TASK> Please reproduce all the data exactly as written and omit the pictures.

(Stored items from a collection)
BEGIN

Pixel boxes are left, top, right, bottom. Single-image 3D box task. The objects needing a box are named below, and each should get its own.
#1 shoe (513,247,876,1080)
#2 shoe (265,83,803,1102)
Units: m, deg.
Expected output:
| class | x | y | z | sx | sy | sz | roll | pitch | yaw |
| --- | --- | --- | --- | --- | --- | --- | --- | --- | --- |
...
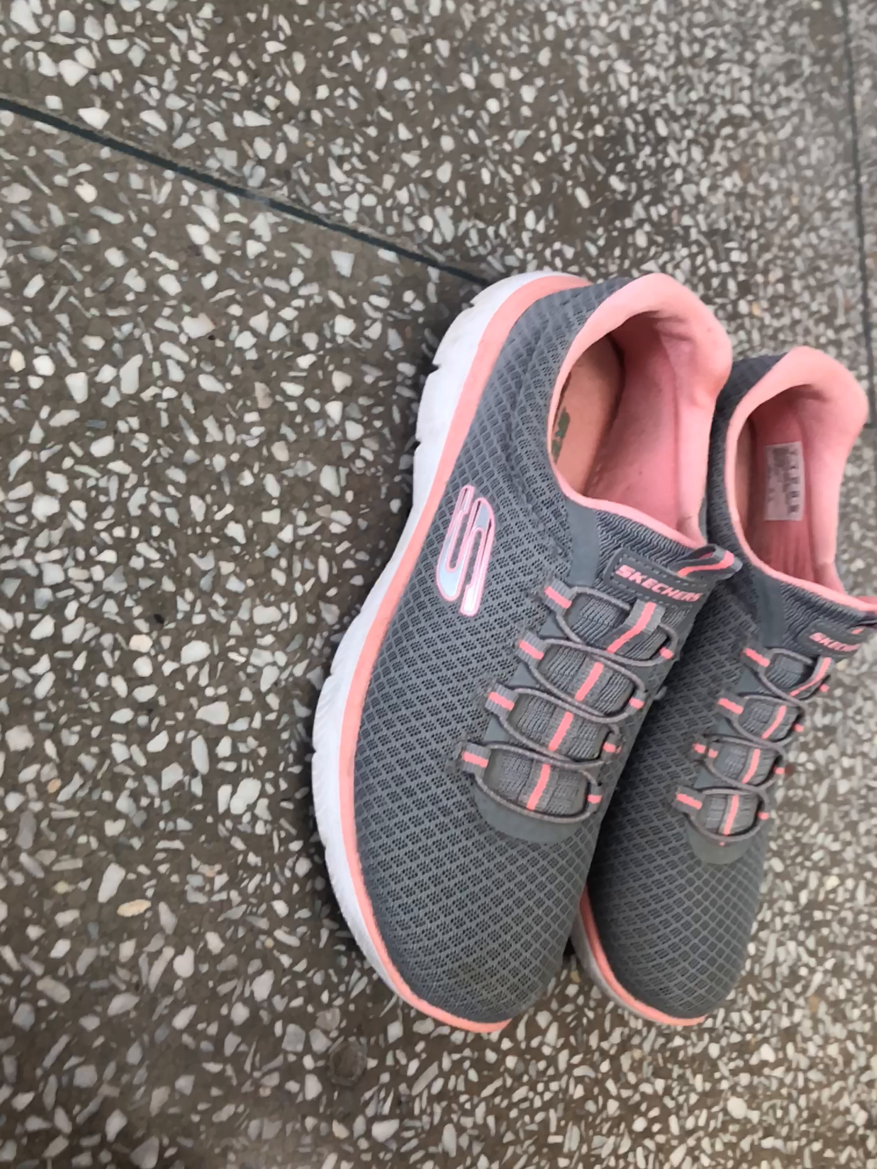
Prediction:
| class | x | y | z | sx | sy | sz | roll | pitch | yaw |
| --- | --- | --- | --- | --- | --- | --- | --- | --- | --- |
| shoe | 0.115 | 0.030 | 0.353 | 0.102 | 0.108 | 0.246 | 18 | 72 | -31 |
| shoe | 0.034 | 0.004 | 0.295 | 0.097 | 0.094 | 0.252 | 18 | 72 | -31 |

END

EXERCISE RESULT>
Pixel boxes are left, top, right, bottom. Single-image 3D box task. The objects needing a box are named below, and each should get its own.
#1 shoe (513,247,876,1080)
#2 shoe (265,83,803,1102)
Units: m, deg.
Expected output:
| class | x | y | z | sx | sy | sz | roll | pitch | yaw |
| --- | --- | --- | --- | --- | --- | --- | --- | --- | --- |
...
Prediction:
| class | x | y | z | sx | sy | sz | roll | pitch | yaw |
| --- | --- | --- | --- | --- | --- | --- | --- | --- | --- |
| shoe | 0.115 | 0.030 | 0.353 | 0.102 | 0.108 | 0.246 | 18 | 72 | -31 |
| shoe | 0.034 | 0.004 | 0.295 | 0.097 | 0.094 | 0.252 | 18 | 72 | -31 |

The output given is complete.